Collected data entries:

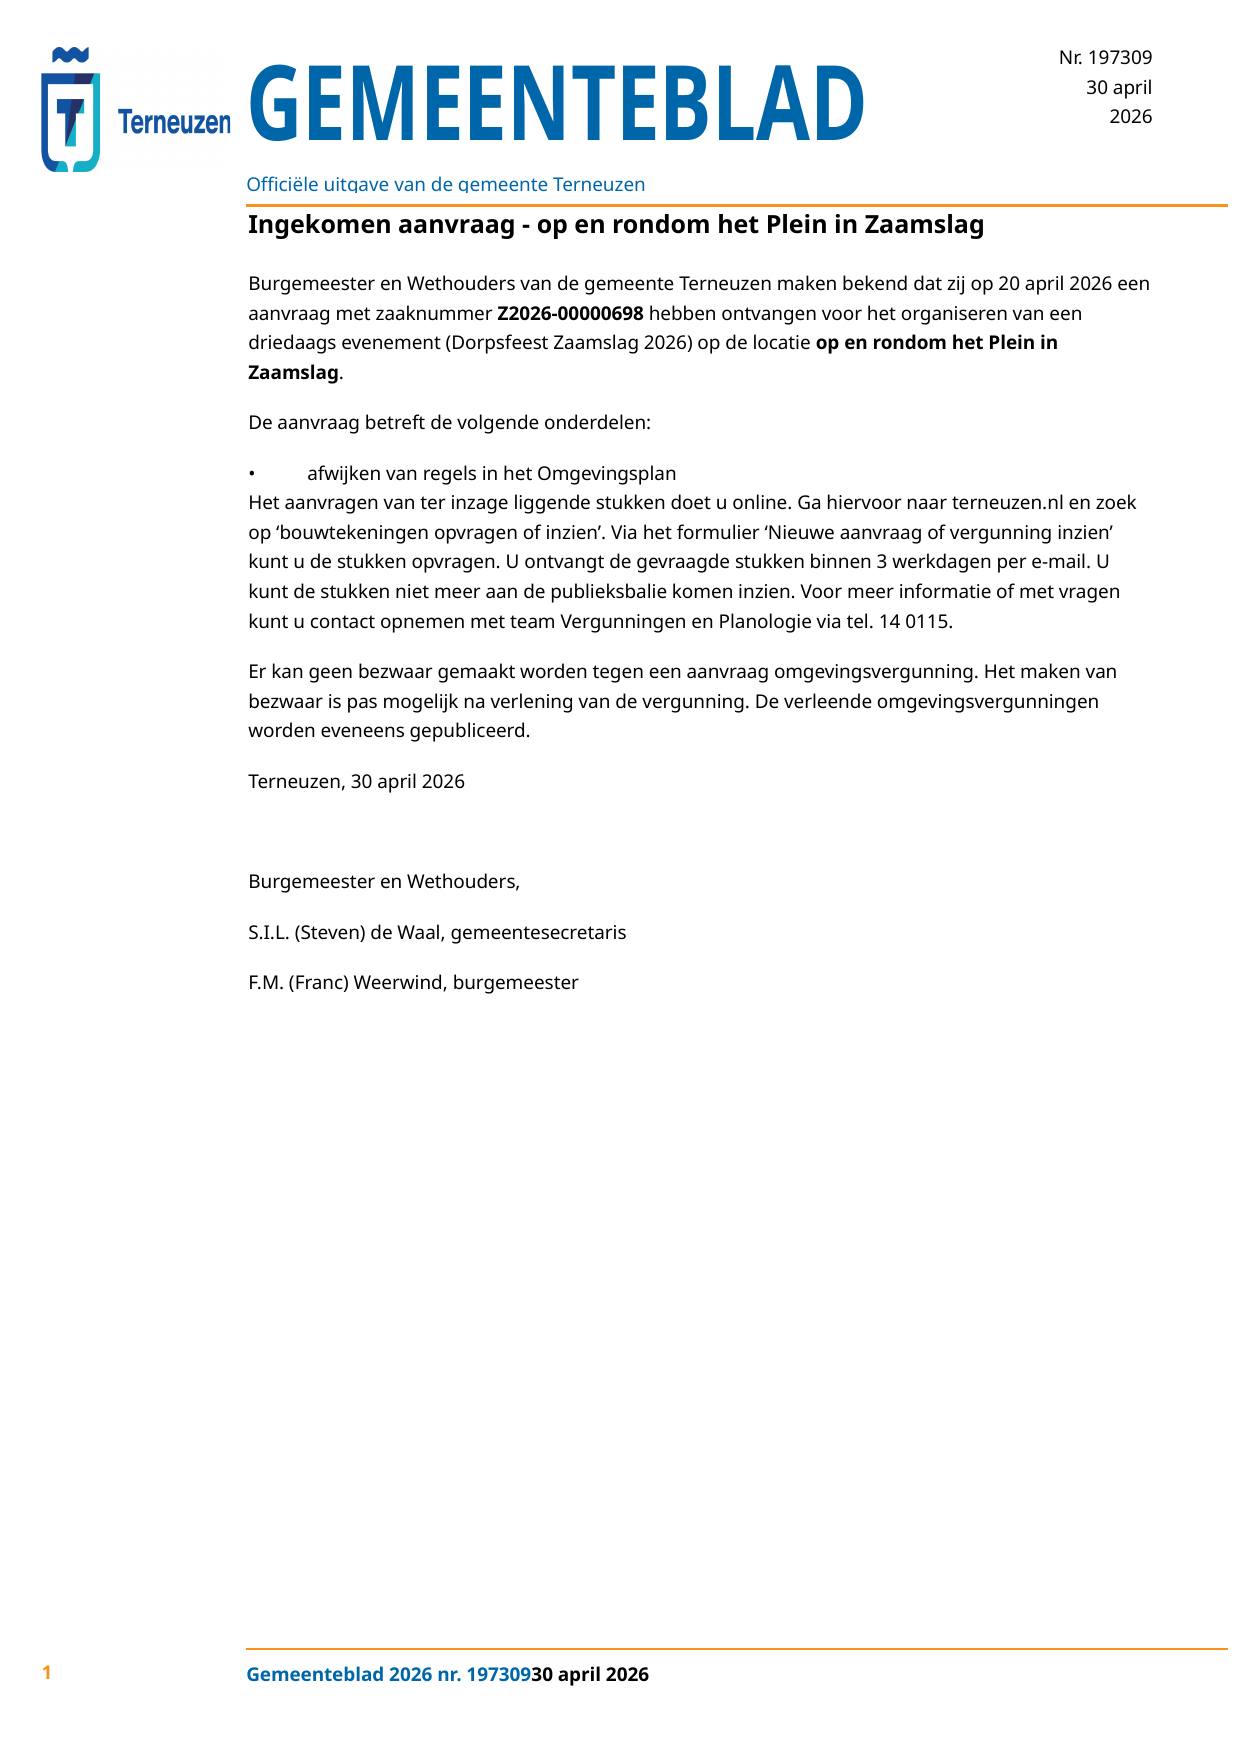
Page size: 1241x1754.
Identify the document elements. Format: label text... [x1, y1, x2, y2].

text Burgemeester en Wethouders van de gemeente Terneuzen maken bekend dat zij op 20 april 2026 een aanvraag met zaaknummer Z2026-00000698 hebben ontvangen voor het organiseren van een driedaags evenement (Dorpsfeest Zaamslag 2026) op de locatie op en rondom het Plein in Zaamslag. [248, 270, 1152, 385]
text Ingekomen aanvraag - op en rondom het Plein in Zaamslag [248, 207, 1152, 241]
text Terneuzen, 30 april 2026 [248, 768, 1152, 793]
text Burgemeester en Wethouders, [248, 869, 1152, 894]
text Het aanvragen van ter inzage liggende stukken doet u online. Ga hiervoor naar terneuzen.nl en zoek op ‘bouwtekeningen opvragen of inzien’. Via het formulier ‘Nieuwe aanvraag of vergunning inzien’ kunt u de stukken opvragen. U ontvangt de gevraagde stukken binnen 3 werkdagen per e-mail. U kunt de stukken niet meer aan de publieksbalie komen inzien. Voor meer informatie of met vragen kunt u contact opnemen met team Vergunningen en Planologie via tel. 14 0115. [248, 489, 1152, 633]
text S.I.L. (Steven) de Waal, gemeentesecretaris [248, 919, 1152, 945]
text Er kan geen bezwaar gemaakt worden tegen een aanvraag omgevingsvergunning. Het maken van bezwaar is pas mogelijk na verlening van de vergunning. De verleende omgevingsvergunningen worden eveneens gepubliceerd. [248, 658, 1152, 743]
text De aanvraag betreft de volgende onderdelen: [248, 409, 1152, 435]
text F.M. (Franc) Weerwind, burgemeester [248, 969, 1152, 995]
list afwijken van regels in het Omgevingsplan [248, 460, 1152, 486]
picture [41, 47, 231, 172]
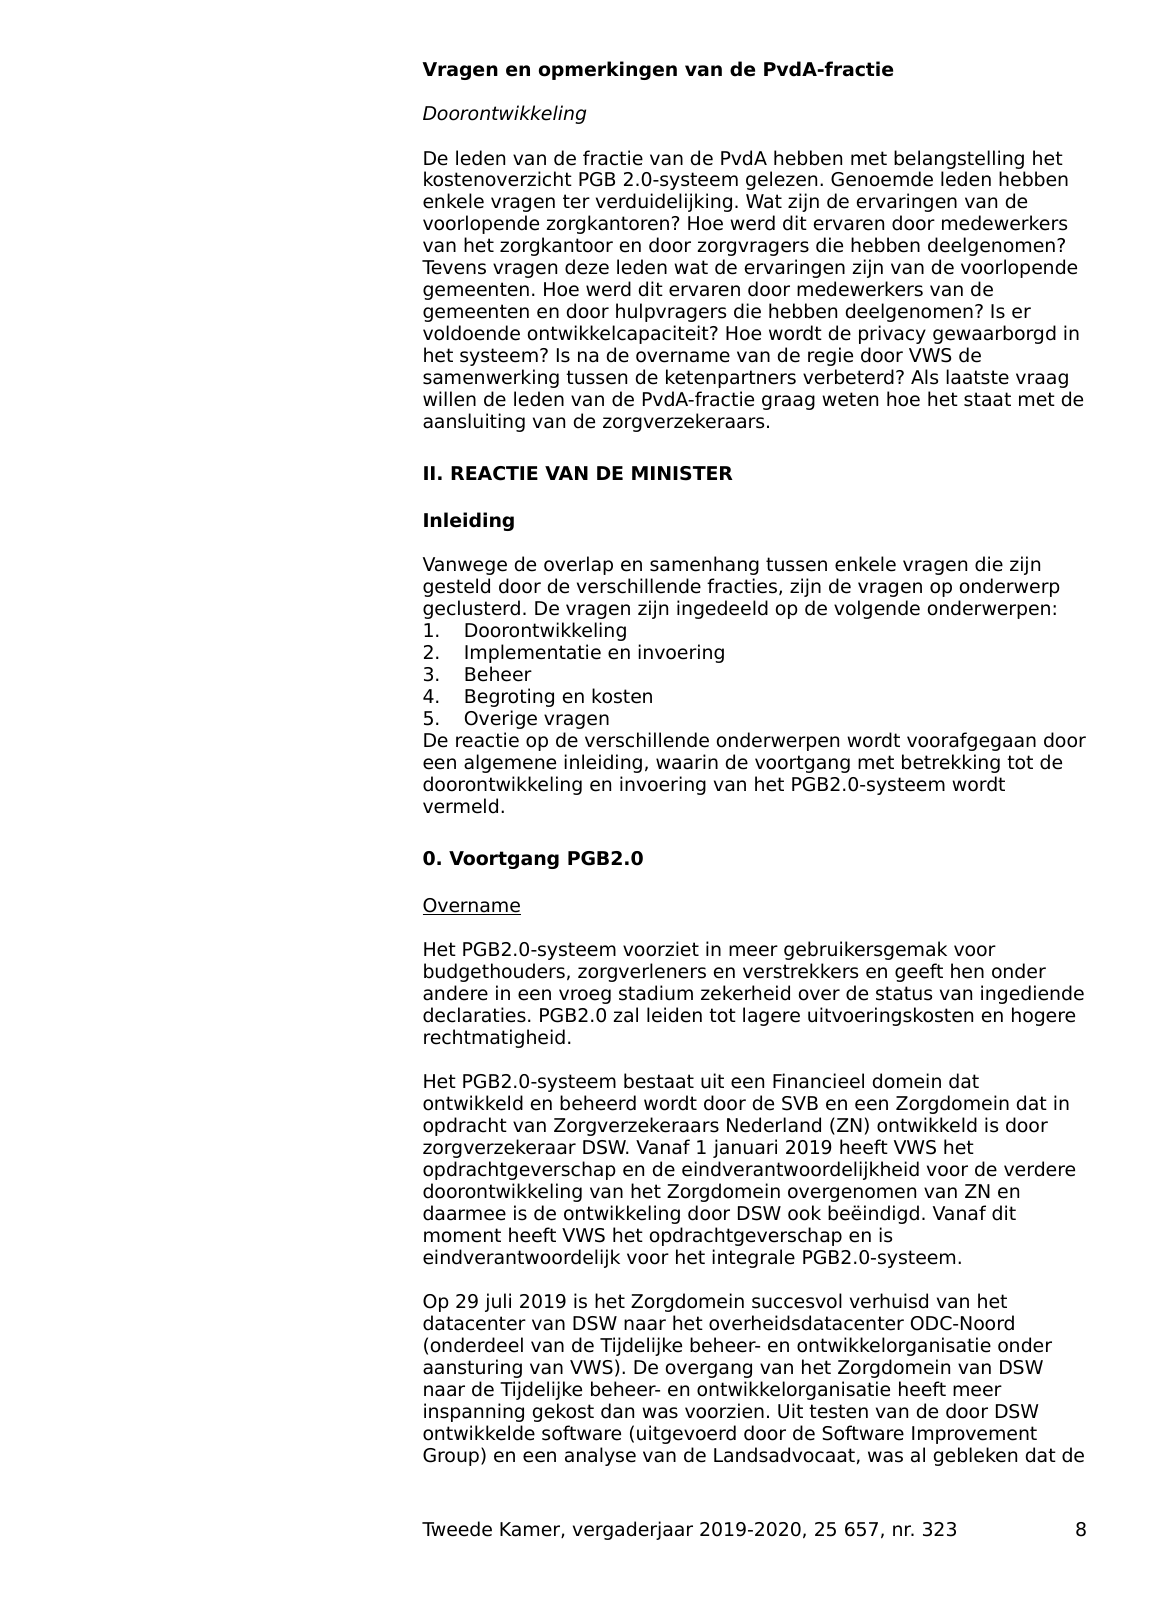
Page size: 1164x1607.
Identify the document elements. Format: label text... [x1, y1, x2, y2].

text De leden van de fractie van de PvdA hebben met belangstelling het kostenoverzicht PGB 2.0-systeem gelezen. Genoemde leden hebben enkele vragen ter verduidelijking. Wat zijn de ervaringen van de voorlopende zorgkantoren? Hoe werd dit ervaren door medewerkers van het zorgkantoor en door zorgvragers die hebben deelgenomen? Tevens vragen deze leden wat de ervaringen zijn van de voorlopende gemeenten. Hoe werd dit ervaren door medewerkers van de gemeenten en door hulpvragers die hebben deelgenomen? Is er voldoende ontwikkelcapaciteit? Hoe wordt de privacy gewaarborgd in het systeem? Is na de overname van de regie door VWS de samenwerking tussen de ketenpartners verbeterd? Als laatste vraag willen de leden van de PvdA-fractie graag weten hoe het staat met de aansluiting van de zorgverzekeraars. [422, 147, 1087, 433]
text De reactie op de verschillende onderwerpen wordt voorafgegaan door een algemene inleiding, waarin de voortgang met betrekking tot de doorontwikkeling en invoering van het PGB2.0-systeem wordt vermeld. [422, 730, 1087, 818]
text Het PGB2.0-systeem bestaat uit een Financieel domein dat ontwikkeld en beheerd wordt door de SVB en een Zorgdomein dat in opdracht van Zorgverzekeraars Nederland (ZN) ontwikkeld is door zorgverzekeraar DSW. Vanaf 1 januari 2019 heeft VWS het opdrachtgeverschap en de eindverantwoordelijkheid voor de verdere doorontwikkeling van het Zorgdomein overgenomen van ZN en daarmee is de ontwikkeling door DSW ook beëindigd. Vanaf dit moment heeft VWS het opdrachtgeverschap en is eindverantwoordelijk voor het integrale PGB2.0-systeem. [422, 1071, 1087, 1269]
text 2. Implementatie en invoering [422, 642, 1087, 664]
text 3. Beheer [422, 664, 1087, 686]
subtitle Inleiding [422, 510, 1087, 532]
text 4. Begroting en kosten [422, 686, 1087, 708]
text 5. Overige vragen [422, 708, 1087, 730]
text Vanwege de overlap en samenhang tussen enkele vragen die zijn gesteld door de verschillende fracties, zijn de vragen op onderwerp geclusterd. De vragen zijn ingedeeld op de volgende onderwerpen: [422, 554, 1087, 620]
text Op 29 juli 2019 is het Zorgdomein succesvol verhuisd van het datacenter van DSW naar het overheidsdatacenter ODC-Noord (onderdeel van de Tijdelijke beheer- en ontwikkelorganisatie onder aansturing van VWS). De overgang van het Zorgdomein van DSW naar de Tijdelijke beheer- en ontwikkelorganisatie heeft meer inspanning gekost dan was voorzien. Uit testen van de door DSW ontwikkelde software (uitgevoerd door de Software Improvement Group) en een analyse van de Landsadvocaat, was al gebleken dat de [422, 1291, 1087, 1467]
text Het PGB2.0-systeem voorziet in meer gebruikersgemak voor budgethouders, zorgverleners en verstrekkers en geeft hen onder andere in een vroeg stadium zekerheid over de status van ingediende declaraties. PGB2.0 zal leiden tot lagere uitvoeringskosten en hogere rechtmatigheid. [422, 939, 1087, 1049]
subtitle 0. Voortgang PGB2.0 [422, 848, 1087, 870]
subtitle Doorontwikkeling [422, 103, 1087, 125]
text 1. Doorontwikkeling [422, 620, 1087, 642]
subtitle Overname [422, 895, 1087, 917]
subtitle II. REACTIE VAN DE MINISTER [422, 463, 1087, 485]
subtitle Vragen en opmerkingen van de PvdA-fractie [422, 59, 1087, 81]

* **THE PROBLEM**
When you output the entries, keep each line exactly as it is and leave out any pictures.

* **RESPONSE BELOW**
Page size: 1241x1754.
Identify the document elements. Format: label text... [x1, y1, x2, y2].

text Burgemeester en Wethouders van de gemeente Terneuzen maken bekend dat zij op 20 april 2026 een aanvraag met zaaknummer Z2026-00000698 hebben ontvangen voor het organiseren van een driedaags evenement (Dorpsfeest Zaamslag 2026) op de locatie op en rondom het Plein in Zaamslag. [248, 270, 1152, 385]
text Ingekomen aanvraag - op en rondom het Plein in Zaamslag [248, 207, 1152, 241]
text Terneuzen, 30 april 2026 [248, 768, 1152, 793]
text Burgemeester en Wethouders, [248, 869, 1152, 894]
text Het aanvragen van ter inzage liggende stukken doet u online. Ga hiervoor naar terneuzen.nl en zoek op ‘bouwtekeningen opvragen of inzien’. Via het formulier ‘Nieuwe aanvraag of vergunning inzien’ kunt u de stukken opvragen. U ontvangt de gevraagde stukken binnen 3 werkdagen per e-mail. U kunt de stukken niet meer aan de publieksbalie komen inzien. Voor meer informatie of met vragen kunt u contact opnemen met team Vergunningen en Planologie via tel. 14 0115. [248, 489, 1152, 633]
text S.I.L. (Steven) de Waal, gemeentesecretaris [248, 919, 1152, 945]
text Er kan geen bezwaar gemaakt worden tegen een aanvraag omgevingsvergunning. Het maken van bezwaar is pas mogelijk na verlening van de vergunning. De verleende omgevingsvergunningen worden eveneens gepubliceerd. [248, 658, 1152, 743]
text De aanvraag betreft de volgende onderdelen: [248, 409, 1152, 435]
text F.M. (Franc) Weerwind, burgemeester [248, 969, 1152, 995]
list afwijken van regels in het Omgevingsplan [248, 460, 1152, 486]
picture [41, 47, 231, 172]
Page size: 1164x1607.
Identify the document elements. Format: label text... [x1, y1, x2, y2].

text De leden van de fractie van de PvdA hebben met belangstelling het kostenoverzicht PGB 2.0-systeem gelezen. Genoemde leden hebben enkele vragen ter verduidelijking. Wat zijn de ervaringen van de voorlopende zorgkantoren? Hoe werd dit ervaren door medewerkers van het zorgkantoor en door zorgvragers die hebben deelgenomen? Tevens vragen deze leden wat de ervaringen zijn van de voorlopende gemeenten. Hoe werd dit ervaren door medewerkers van de gemeenten en door hulpvragers die hebben deelgenomen? Is er voldoende ontwikkelcapaciteit? Hoe wordt de privacy gewaarborgd in het systeem? Is na de overname van de regie door VWS de samenwerking tussen de ketenpartners verbeterd? Als laatste vraag willen de leden van de PvdA-fractie graag weten hoe het staat met de aansluiting van de zorgverzekeraars. [422, 147, 1087, 433]
text De reactie op de verschillende onderwerpen wordt voorafgegaan door een algemene inleiding, waarin de voortgang met betrekking tot de doorontwikkeling en invoering van het PGB2.0-systeem wordt vermeld. [422, 730, 1087, 818]
text Het PGB2.0-systeem bestaat uit een Financieel domein dat ontwikkeld en beheerd wordt door de SVB en een Zorgdomein dat in opdracht van Zorgverzekeraars Nederland (ZN) ontwikkeld is door zorgverzekeraar DSW. Vanaf 1 januari 2019 heeft VWS het opdrachtgeverschap en de eindverantwoordelijkheid voor de verdere doorontwikkeling van het Zorgdomein overgenomen van ZN en daarmee is de ontwikkeling door DSW ook beëindigd. Vanaf dit moment heeft VWS het opdrachtgeverschap en is eindverantwoordelijk voor het integrale PGB2.0-systeem. [422, 1071, 1087, 1269]
text 2. Implementatie en invoering [422, 642, 1087, 664]
text 3. Beheer [422, 664, 1087, 686]
subtitle Inleiding [422, 510, 1087, 532]
text 4. Begroting en kosten [422, 686, 1087, 708]
text 5. Overige vragen [422, 708, 1087, 730]
text Vanwege de overlap en samenhang tussen enkele vragen die zijn gesteld door de verschillende fracties, zijn de vragen op onderwerp geclusterd. De vragen zijn ingedeeld op de volgende onderwerpen: [422, 554, 1087, 620]
text Op 29 juli 2019 is het Zorgdomein succesvol verhuisd van het datacenter van DSW naar het overheidsdatacenter ODC-Noord (onderdeel van de Tijdelijke beheer- en ontwikkelorganisatie onder aansturing van VWS). De overgang van het Zorgdomein van DSW naar de Tijdelijke beheer- en ontwikkelorganisatie heeft meer inspanning gekost dan was voorzien. Uit testen van de door DSW ontwikkelde software (uitgevoerd door de Software Improvement Group) en een analyse van de Landsadvocaat, was al gebleken dat de [422, 1291, 1087, 1467]
text Het PGB2.0-systeem voorziet in meer gebruikersgemak voor budgethouders, zorgverleners en verstrekkers en geeft hen onder andere in een vroeg stadium zekerheid over de status van ingediende declaraties. PGB2.0 zal leiden tot lagere uitvoeringskosten en hogere rechtmatigheid. [422, 939, 1087, 1049]
subtitle 0. Voortgang PGB2.0 [422, 848, 1087, 870]
subtitle Doorontwikkeling [422, 103, 1087, 125]
text 1. Doorontwikkeling [422, 620, 1087, 642]
subtitle Overname [422, 895, 1087, 917]
subtitle II. REACTIE VAN DE MINISTER [422, 463, 1087, 485]
subtitle Vragen en opmerkingen van de PvdA-fractie [422, 59, 1087, 81]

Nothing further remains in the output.